Le travail de la laine dans les mondes berbères reflète finalement une extraordinaire capacité à l’inventivité.

DE LA STEPPE AUX ALPAGES

Par millions de têtes par an, dès les premiers temps de la colonisation française, les moutons sont embarqués sur des « steamers moutonniers ». Ils débarquent à Marseille, Sète ou Port-Vendres. Ils sont achetés par des paysans qui les revendent à bon prix. Pays du mouton, l’Algérie devient un « réservoir merveilleux à viande ». Le mouton berbère a la meilleure réputation. Les voyages des moutons vers la France commencent en avril jusqu’en septembre. Cette activité rapporte de tels bénéfices que certaines compagnies n’hésitent pas à faire construire des navires spécialement conçus pour le fret moutonnier, avec ventilation pour dégager l’air chaud produit par la respiration des animaux. Par mauvais temps il en mourrait beaucoup.

UNE LITTÉRATURE ÉMERGENTE

La culture berbère est essentiellement orale, mais la littérature kabyle contemporaine connait un renouvellement incessant. La majorité des œuvres littéraire publiées n’est pas traduite. La chanson continue d’être privilégiée par le public kabylophone, si bien qu’il existe en Kabylie autant de chanteurs que de romanciers en France.

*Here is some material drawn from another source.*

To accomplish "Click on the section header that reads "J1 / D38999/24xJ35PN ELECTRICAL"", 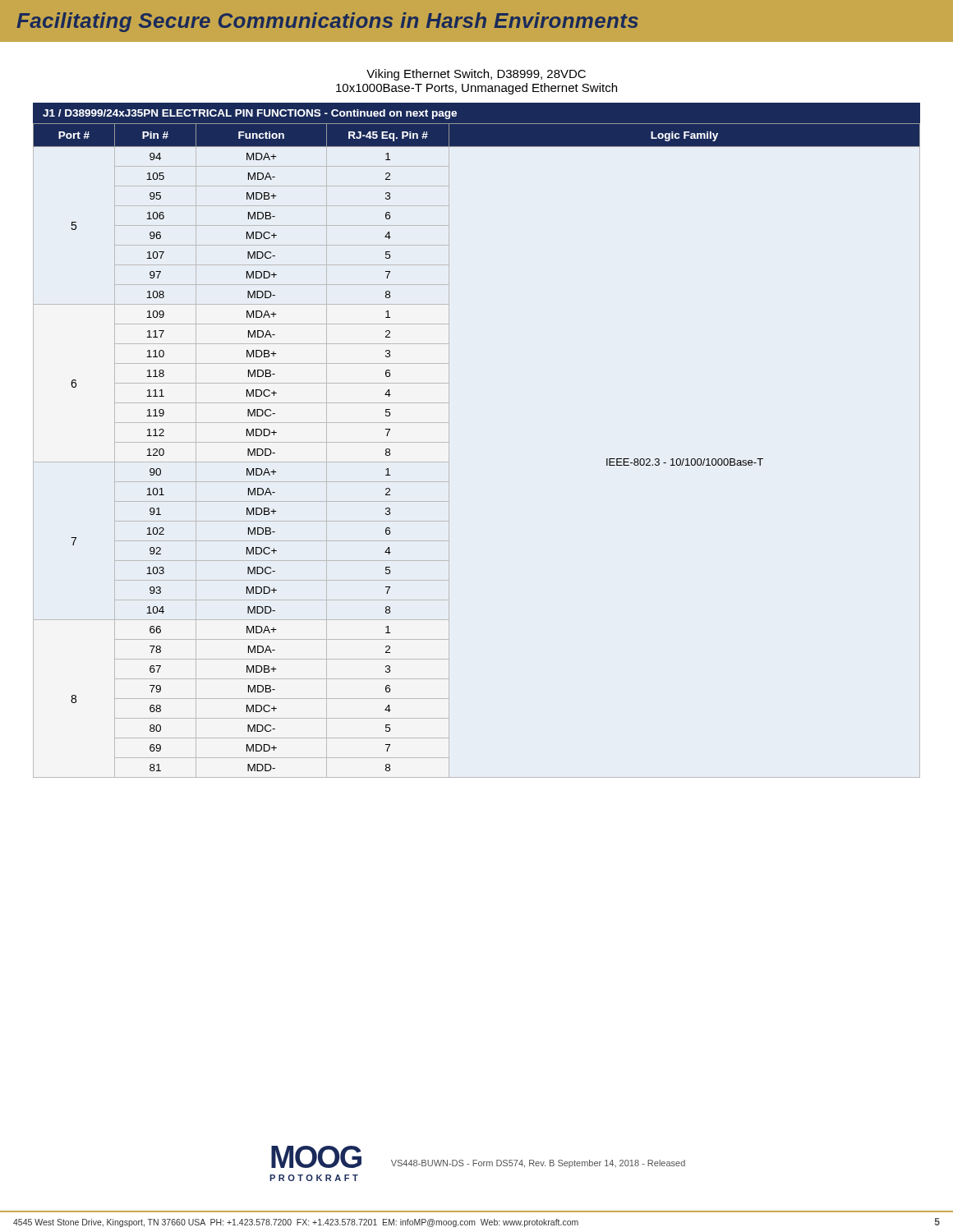I will coord(476,113).
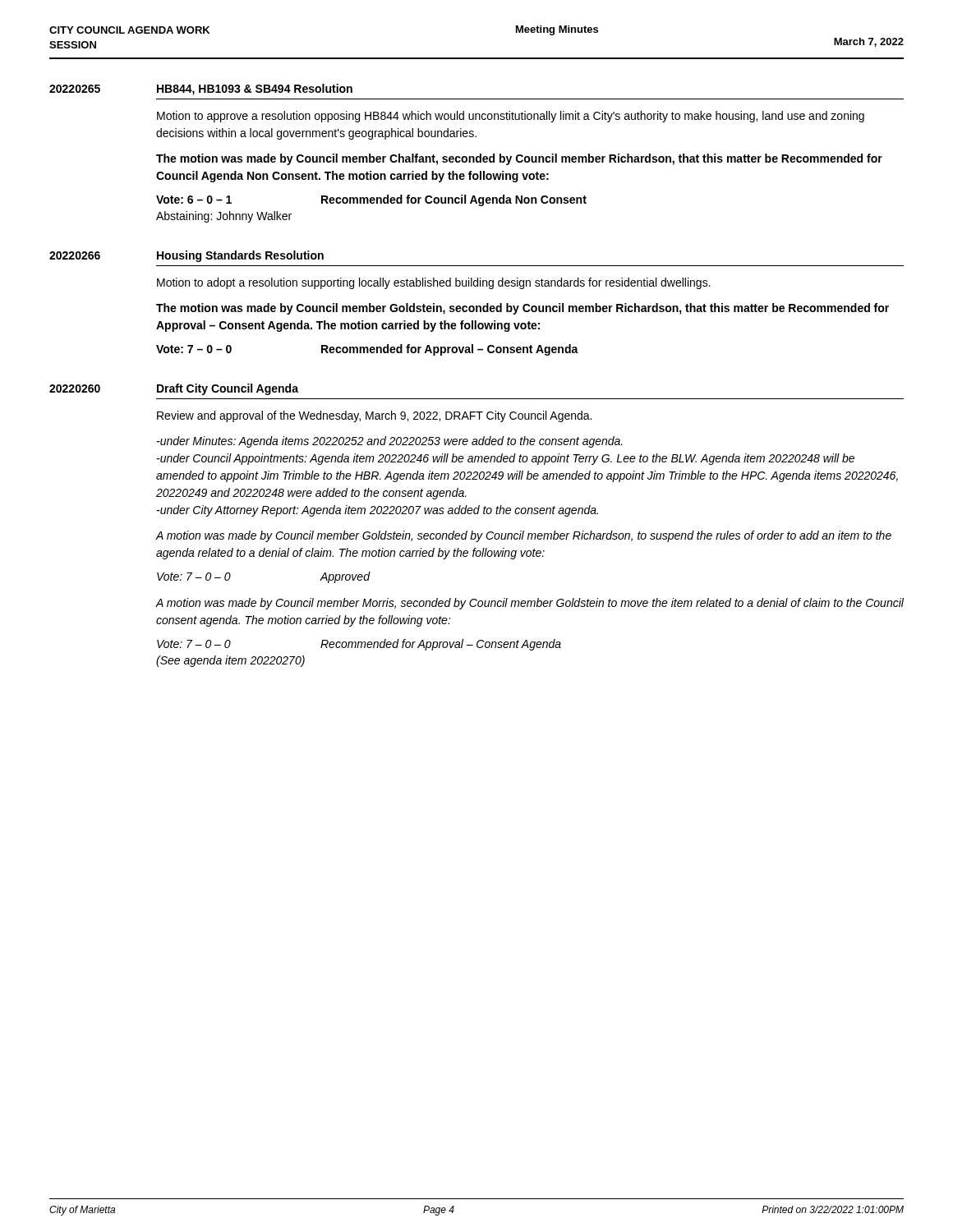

La revendication identitaire berbère est vieille d’au moins un siècle et est très fortement ancrée en Kabylie. Les références aux rois numides Massinissa et Jugurtha  sont très présentes. Mais on traduit en kabyle un nombre de plus en plus croissant de textes littéraires étrangers. Dans les annéees 1950, les Père Blancs sont à l’origine de la traduction en kabyle de plusieurs fables de La Fontaine et de Florian. C’est dans la graphie latine que la majorité des études berbères ont été réalisées.